De acuerdo a lo publicado por Clarín, todo ocurrió en la madrugada del domingo 9 de noviembre. La dramática escena en la que hallaron a Dolores sorprendió, incluso, a los policías del lugar. En el cuarto, sobre la cama, los investigadores hallaron sangre, cuero cabelludo y desorden.
En los pisos de toda la casa había huellas de que la jubilada había sido arrastrada por los delincuentes hasta el baño, adonde la dejaron tirada.
Los asaltantes se llevaron dinero, un televisor 32 pulgadas, la alianza de oro que había pertenecido a su esposo y un teléfono celular.
Tras el feroz ataque, la mujer fue trasladada al Hospital Central de Reconquista, con fractura de cráneo y hematomas en distintas partes del cuerpo. Resistió hasta el viernes a la madrugada.
El ex yerno de Dolores, al notar que no respondía a los llamados telefónicos, se acercó hasta la casa alrededor de las 13 del domingo 9. Fue entonces que se topó con el horror: la mujer no respondía, sangraba y tenía el cuerpo muy golpeado.
DOS DETENIDOS
La Policía actuó tras el hecho y detuvo a dos jóvenes. El principal sospechoso es Isaías Natanael Gómez (22), quien dijo ser changarín ante el fiscal Aldo Gerosa y se cree que fue el autor material. Lo acusan de "homicidio agravado con alevosía", que prevé una pena de prisión perpetua.
El otro detenido es Héctor Ramón Ríos (27), el joven que le habría comprado el televisor robado a Gómez, quien fue acusado de "encubrimiento agravado", en la causa donde interviene el juez Gonzalo Basualdo.
El magistrado aseguró que "está suficientemente probado con la evidencia que se recolectó que Gómez es el autor del hecho". Además, contó que el sospechoso "presenta lesiones en los puños, compatibles con los golpes, y presenta lesiones en el cuello, compatibles con la defensa de la víctima". Y se constató que fue "quien sustrajo y entregó a terceros elementos que eran de la víctima".
"No bien cometió el delito, sustrajo las cosas y trató de ocultarlas, sabía perfectamente de la gravedad de lo acontecido.

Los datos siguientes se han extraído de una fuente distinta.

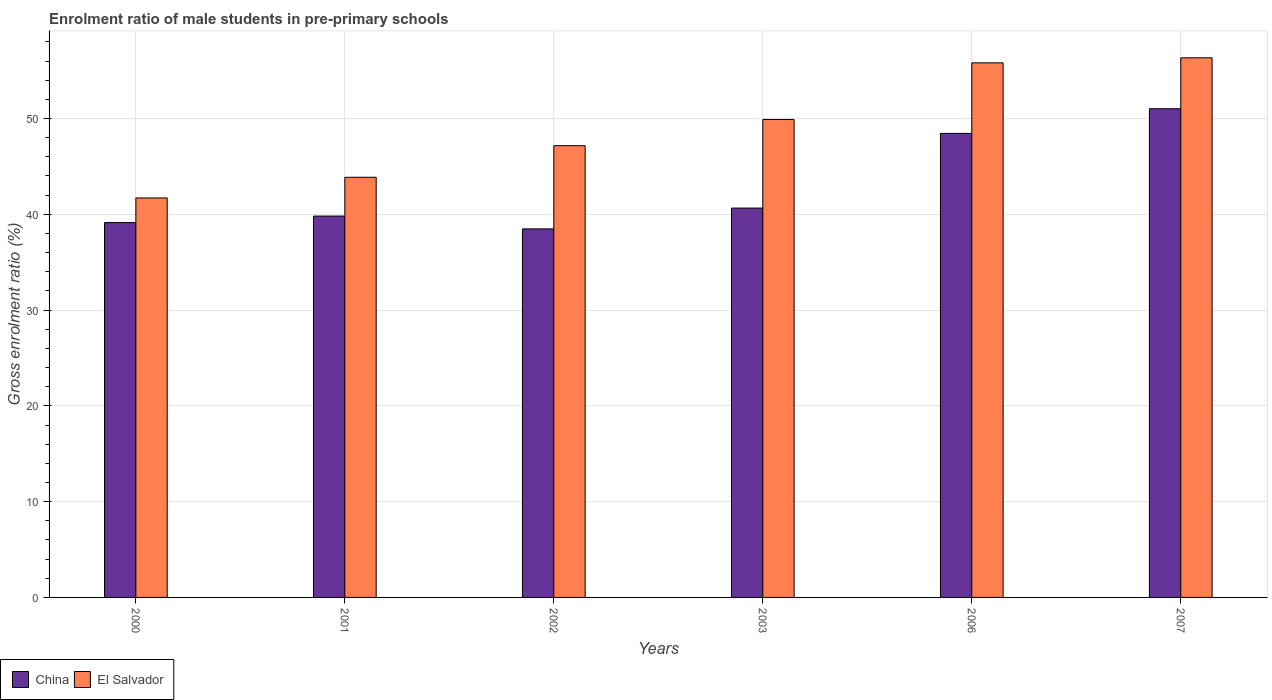Are the number of bars per tick equal to the number of legend labels?
Offer a terse response. Yes. How many bars are there on the 2nd tick from the left?
Offer a very short reply. 2. What is the label of the 4th group of bars from the left?
Make the answer very short. 2003. In how many cases, is the number of bars for a given year not equal to the number of legend labels?
Your response must be concise. 0. What is the enrolment ratio of male students in pre-primary schools in China in 2003?
Your answer should be very brief. 40.65. Across all years, what is the maximum enrolment ratio of male students in pre-primary schools in El Salvador?
Make the answer very short. 56.33. Across all years, what is the minimum enrolment ratio of male students in pre-primary schools in China?
Give a very brief answer. 38.47. What is the total enrolment ratio of male students in pre-primary schools in El Salvador in the graph?
Your answer should be very brief. 294.77. What is the difference between the enrolment ratio of male students in pre-primary schools in China in 2000 and that in 2006?
Provide a short and direct response. -9.31. What is the difference between the enrolment ratio of male students in pre-primary schools in China in 2000 and the enrolment ratio of male students in pre-primary schools in El Salvador in 2006?
Your answer should be very brief. -16.68. What is the average enrolment ratio of male students in pre-primary schools in El Salvador per year?
Your response must be concise. 49.13. In the year 2001, what is the difference between the enrolment ratio of male students in pre-primary schools in El Salvador and enrolment ratio of male students in pre-primary schools in China?
Provide a succinct answer. 4.05. What is the ratio of the enrolment ratio of male students in pre-primary schools in El Salvador in 2001 to that in 2007?
Offer a very short reply. 0.78. What is the difference between the highest and the second highest enrolment ratio of male students in pre-primary schools in China?
Give a very brief answer. 2.58. What is the difference between the highest and the lowest enrolment ratio of male students in pre-primary schools in China?
Make the answer very short. 12.54. In how many years, is the enrolment ratio of male students in pre-primary schools in El Salvador greater than the average enrolment ratio of male students in pre-primary schools in El Salvador taken over all years?
Your answer should be very brief. 3. Is the sum of the enrolment ratio of male students in pre-primary schools in China in 2001 and 2007 greater than the maximum enrolment ratio of male students in pre-primary schools in El Salvador across all years?
Make the answer very short. Yes. What does the 2nd bar from the right in 2006 represents?
Your answer should be compact. China. Are all the bars in the graph horizontal?
Make the answer very short. No. Does the graph contain any zero values?
Ensure brevity in your answer.  No. How many legend labels are there?
Your answer should be very brief. 2. What is the title of the graph?
Your answer should be very brief. Enrolment ratio of male students in pre-primary schools. What is the label or title of the X-axis?
Ensure brevity in your answer.  Years. What is the Gross enrolment ratio (%) in China in 2000?
Give a very brief answer. 39.13. What is the Gross enrolment ratio (%) of El Salvador in 2000?
Your answer should be compact. 41.7. What is the Gross enrolment ratio (%) of China in 2001?
Your response must be concise. 39.81. What is the Gross enrolment ratio (%) in El Salvador in 2001?
Make the answer very short. 43.86. What is the Gross enrolment ratio (%) in China in 2002?
Offer a very short reply. 38.47. What is the Gross enrolment ratio (%) in El Salvador in 2002?
Ensure brevity in your answer.  47.16. What is the Gross enrolment ratio (%) in China in 2003?
Your answer should be compact. 40.65. What is the Gross enrolment ratio (%) in El Salvador in 2003?
Provide a succinct answer. 49.9. What is the Gross enrolment ratio (%) in China in 2006?
Your answer should be very brief. 48.44. What is the Gross enrolment ratio (%) in El Salvador in 2006?
Make the answer very short. 55.81. What is the Gross enrolment ratio (%) of China in 2007?
Offer a terse response. 51.02. What is the Gross enrolment ratio (%) of El Salvador in 2007?
Offer a very short reply. 56.33. Across all years, what is the maximum Gross enrolment ratio (%) in China?
Offer a terse response. 51.02. Across all years, what is the maximum Gross enrolment ratio (%) of El Salvador?
Provide a succinct answer. 56.33. Across all years, what is the minimum Gross enrolment ratio (%) in China?
Your response must be concise. 38.47. Across all years, what is the minimum Gross enrolment ratio (%) of El Salvador?
Your answer should be very brief. 41.7. What is the total Gross enrolment ratio (%) of China in the graph?
Provide a short and direct response. 257.52. What is the total Gross enrolment ratio (%) of El Salvador in the graph?
Offer a terse response. 294.77. What is the difference between the Gross enrolment ratio (%) of China in 2000 and that in 2001?
Offer a very short reply. -0.68. What is the difference between the Gross enrolment ratio (%) in El Salvador in 2000 and that in 2001?
Offer a very short reply. -2.16. What is the difference between the Gross enrolment ratio (%) of China in 2000 and that in 2002?
Give a very brief answer. 0.66. What is the difference between the Gross enrolment ratio (%) of El Salvador in 2000 and that in 2002?
Make the answer very short. -5.45. What is the difference between the Gross enrolment ratio (%) in China in 2000 and that in 2003?
Ensure brevity in your answer.  -1.51. What is the difference between the Gross enrolment ratio (%) in El Salvador in 2000 and that in 2003?
Keep it short and to the point. -8.19. What is the difference between the Gross enrolment ratio (%) in China in 2000 and that in 2006?
Your answer should be compact. -9.31. What is the difference between the Gross enrolment ratio (%) of El Salvador in 2000 and that in 2006?
Ensure brevity in your answer.  -14.1. What is the difference between the Gross enrolment ratio (%) in China in 2000 and that in 2007?
Provide a short and direct response. -11.89. What is the difference between the Gross enrolment ratio (%) of El Salvador in 2000 and that in 2007?
Your answer should be very brief. -14.63. What is the difference between the Gross enrolment ratio (%) of China in 2001 and that in 2002?
Your answer should be compact. 1.34. What is the difference between the Gross enrolment ratio (%) of El Salvador in 2001 and that in 2002?
Provide a succinct answer. -3.3. What is the difference between the Gross enrolment ratio (%) in China in 2001 and that in 2003?
Offer a terse response. -0.83. What is the difference between the Gross enrolment ratio (%) in El Salvador in 2001 and that in 2003?
Provide a short and direct response. -6.03. What is the difference between the Gross enrolment ratio (%) of China in 2001 and that in 2006?
Offer a very short reply. -8.63. What is the difference between the Gross enrolment ratio (%) of El Salvador in 2001 and that in 2006?
Keep it short and to the point. -11.95. What is the difference between the Gross enrolment ratio (%) in China in 2001 and that in 2007?
Your answer should be compact. -11.2. What is the difference between the Gross enrolment ratio (%) in El Salvador in 2001 and that in 2007?
Offer a very short reply. -12.47. What is the difference between the Gross enrolment ratio (%) of China in 2002 and that in 2003?
Offer a terse response. -2.17. What is the difference between the Gross enrolment ratio (%) in El Salvador in 2002 and that in 2003?
Make the answer very short. -2.74. What is the difference between the Gross enrolment ratio (%) in China in 2002 and that in 2006?
Ensure brevity in your answer.  -9.97. What is the difference between the Gross enrolment ratio (%) of El Salvador in 2002 and that in 2006?
Ensure brevity in your answer.  -8.65. What is the difference between the Gross enrolment ratio (%) of China in 2002 and that in 2007?
Your answer should be very brief. -12.54. What is the difference between the Gross enrolment ratio (%) in El Salvador in 2002 and that in 2007?
Offer a terse response. -9.17. What is the difference between the Gross enrolment ratio (%) in China in 2003 and that in 2006?
Give a very brief answer. -7.8. What is the difference between the Gross enrolment ratio (%) in El Salvador in 2003 and that in 2006?
Provide a succinct answer. -5.91. What is the difference between the Gross enrolment ratio (%) of China in 2003 and that in 2007?
Provide a succinct answer. -10.37. What is the difference between the Gross enrolment ratio (%) of El Salvador in 2003 and that in 2007?
Keep it short and to the point. -6.44. What is the difference between the Gross enrolment ratio (%) in China in 2006 and that in 2007?
Give a very brief answer. -2.58. What is the difference between the Gross enrolment ratio (%) of El Salvador in 2006 and that in 2007?
Make the answer very short. -0.53. What is the difference between the Gross enrolment ratio (%) in China in 2000 and the Gross enrolment ratio (%) in El Salvador in 2001?
Give a very brief answer. -4.73. What is the difference between the Gross enrolment ratio (%) of China in 2000 and the Gross enrolment ratio (%) of El Salvador in 2002?
Provide a short and direct response. -8.03. What is the difference between the Gross enrolment ratio (%) in China in 2000 and the Gross enrolment ratio (%) in El Salvador in 2003?
Your answer should be very brief. -10.76. What is the difference between the Gross enrolment ratio (%) of China in 2000 and the Gross enrolment ratio (%) of El Salvador in 2006?
Ensure brevity in your answer.  -16.68. What is the difference between the Gross enrolment ratio (%) of China in 2000 and the Gross enrolment ratio (%) of El Salvador in 2007?
Offer a terse response. -17.2. What is the difference between the Gross enrolment ratio (%) in China in 2001 and the Gross enrolment ratio (%) in El Salvador in 2002?
Give a very brief answer. -7.35. What is the difference between the Gross enrolment ratio (%) in China in 2001 and the Gross enrolment ratio (%) in El Salvador in 2003?
Provide a succinct answer. -10.08. What is the difference between the Gross enrolment ratio (%) in China in 2001 and the Gross enrolment ratio (%) in El Salvador in 2006?
Make the answer very short. -16. What is the difference between the Gross enrolment ratio (%) of China in 2001 and the Gross enrolment ratio (%) of El Salvador in 2007?
Offer a very short reply. -16.52. What is the difference between the Gross enrolment ratio (%) in China in 2002 and the Gross enrolment ratio (%) in El Salvador in 2003?
Give a very brief answer. -11.42. What is the difference between the Gross enrolment ratio (%) of China in 2002 and the Gross enrolment ratio (%) of El Salvador in 2006?
Provide a short and direct response. -17.33. What is the difference between the Gross enrolment ratio (%) in China in 2002 and the Gross enrolment ratio (%) in El Salvador in 2007?
Ensure brevity in your answer.  -17.86. What is the difference between the Gross enrolment ratio (%) in China in 2003 and the Gross enrolment ratio (%) in El Salvador in 2006?
Your answer should be compact. -15.16. What is the difference between the Gross enrolment ratio (%) of China in 2003 and the Gross enrolment ratio (%) of El Salvador in 2007?
Give a very brief answer. -15.69. What is the difference between the Gross enrolment ratio (%) of China in 2006 and the Gross enrolment ratio (%) of El Salvador in 2007?
Your answer should be compact. -7.89. What is the average Gross enrolment ratio (%) in China per year?
Your response must be concise. 42.92. What is the average Gross enrolment ratio (%) of El Salvador per year?
Make the answer very short. 49.13. In the year 2000, what is the difference between the Gross enrolment ratio (%) in China and Gross enrolment ratio (%) in El Salvador?
Give a very brief answer. -2.57. In the year 2001, what is the difference between the Gross enrolment ratio (%) in China and Gross enrolment ratio (%) in El Salvador?
Give a very brief answer. -4.05. In the year 2002, what is the difference between the Gross enrolment ratio (%) in China and Gross enrolment ratio (%) in El Salvador?
Offer a very short reply. -8.68. In the year 2003, what is the difference between the Gross enrolment ratio (%) of China and Gross enrolment ratio (%) of El Salvador?
Your response must be concise. -9.25. In the year 2006, what is the difference between the Gross enrolment ratio (%) in China and Gross enrolment ratio (%) in El Salvador?
Make the answer very short. -7.37. In the year 2007, what is the difference between the Gross enrolment ratio (%) of China and Gross enrolment ratio (%) of El Salvador?
Keep it short and to the point. -5.32. What is the ratio of the Gross enrolment ratio (%) in China in 2000 to that in 2001?
Keep it short and to the point. 0.98. What is the ratio of the Gross enrolment ratio (%) of El Salvador in 2000 to that in 2001?
Your response must be concise. 0.95. What is the ratio of the Gross enrolment ratio (%) of China in 2000 to that in 2002?
Provide a succinct answer. 1.02. What is the ratio of the Gross enrolment ratio (%) of El Salvador in 2000 to that in 2002?
Provide a succinct answer. 0.88. What is the ratio of the Gross enrolment ratio (%) of China in 2000 to that in 2003?
Your answer should be very brief. 0.96. What is the ratio of the Gross enrolment ratio (%) in El Salvador in 2000 to that in 2003?
Keep it short and to the point. 0.84. What is the ratio of the Gross enrolment ratio (%) of China in 2000 to that in 2006?
Provide a short and direct response. 0.81. What is the ratio of the Gross enrolment ratio (%) of El Salvador in 2000 to that in 2006?
Your response must be concise. 0.75. What is the ratio of the Gross enrolment ratio (%) in China in 2000 to that in 2007?
Keep it short and to the point. 0.77. What is the ratio of the Gross enrolment ratio (%) of El Salvador in 2000 to that in 2007?
Give a very brief answer. 0.74. What is the ratio of the Gross enrolment ratio (%) in China in 2001 to that in 2002?
Your answer should be compact. 1.03. What is the ratio of the Gross enrolment ratio (%) in El Salvador in 2001 to that in 2002?
Your answer should be compact. 0.93. What is the ratio of the Gross enrolment ratio (%) in China in 2001 to that in 2003?
Your response must be concise. 0.98. What is the ratio of the Gross enrolment ratio (%) of El Salvador in 2001 to that in 2003?
Your answer should be compact. 0.88. What is the ratio of the Gross enrolment ratio (%) of China in 2001 to that in 2006?
Provide a succinct answer. 0.82. What is the ratio of the Gross enrolment ratio (%) in El Salvador in 2001 to that in 2006?
Provide a short and direct response. 0.79. What is the ratio of the Gross enrolment ratio (%) in China in 2001 to that in 2007?
Your response must be concise. 0.78. What is the ratio of the Gross enrolment ratio (%) in El Salvador in 2001 to that in 2007?
Provide a succinct answer. 0.78. What is the ratio of the Gross enrolment ratio (%) of China in 2002 to that in 2003?
Provide a short and direct response. 0.95. What is the ratio of the Gross enrolment ratio (%) of El Salvador in 2002 to that in 2003?
Keep it short and to the point. 0.95. What is the ratio of the Gross enrolment ratio (%) of China in 2002 to that in 2006?
Ensure brevity in your answer.  0.79. What is the ratio of the Gross enrolment ratio (%) of El Salvador in 2002 to that in 2006?
Make the answer very short. 0.84. What is the ratio of the Gross enrolment ratio (%) in China in 2002 to that in 2007?
Provide a short and direct response. 0.75. What is the ratio of the Gross enrolment ratio (%) of El Salvador in 2002 to that in 2007?
Offer a very short reply. 0.84. What is the ratio of the Gross enrolment ratio (%) of China in 2003 to that in 2006?
Make the answer very short. 0.84. What is the ratio of the Gross enrolment ratio (%) of El Salvador in 2003 to that in 2006?
Give a very brief answer. 0.89. What is the ratio of the Gross enrolment ratio (%) of China in 2003 to that in 2007?
Your answer should be very brief. 0.8. What is the ratio of the Gross enrolment ratio (%) in El Salvador in 2003 to that in 2007?
Provide a succinct answer. 0.89. What is the ratio of the Gross enrolment ratio (%) of China in 2006 to that in 2007?
Provide a short and direct response. 0.95. What is the ratio of the Gross enrolment ratio (%) of El Salvador in 2006 to that in 2007?
Keep it short and to the point. 0.99. What is the difference between the highest and the second highest Gross enrolment ratio (%) in China?
Provide a succinct answer. 2.58. What is the difference between the highest and the second highest Gross enrolment ratio (%) of El Salvador?
Your answer should be very brief. 0.53. What is the difference between the highest and the lowest Gross enrolment ratio (%) in China?
Your answer should be compact. 12.54. What is the difference between the highest and the lowest Gross enrolment ratio (%) in El Salvador?
Keep it short and to the point. 14.63.

Hay gente que cree por decir que (un delincuente) tiene hijos menores o a cargo, o porque tiene adicción al alcohol a alguna otra droga, ya es como una carta blanca para hacer cualquier daño, y no es así", expresó Basualdo a los medios locales.
Además, admitió sobre la víctima que se trata de "personas vulnerables, propensas a caer en estos engaños, lo que es muy difícil de prevenir". Y señaló que Gómez, "con el ataque, la golpiza y el abandono de la víctima en las condiciones en las que la dejó, mostró un gran desprecio por la vida humana".
DOLOR INFINITO
"No quisiera que nadie pase lo que estamos pasando nosotros, nunca pensé que estaríamos en este lugar. Isaías Gómez, me cagaste la vida, la posibilidad de pasar las fiestas con mi vieja, soy la única hija. Creo que ni siquiera se le puede decir animal. Quiero la máxima pena", planteó la hija de Dolores.
En declaraciones al portal Reconquista Hoy, la mujer cuestionó que el sospechoso haya manifestado, a través de su defensor oficial, su temor a ser trasladado a un instituto penitenciario de la provincia.
"Es un cobarde, no encuentro la palabra. Teme por su seguridad y su vida, ¿y mi mamá, a la que no le dio ninguna chance?”, se preguntó.
A su vez, Edgardo Peralta (49), ex yerno de la víctima, reclamó justicia y advirtió: "No deben haber más Dolores Encina en Reconquista, porque fue un crimen aberrante".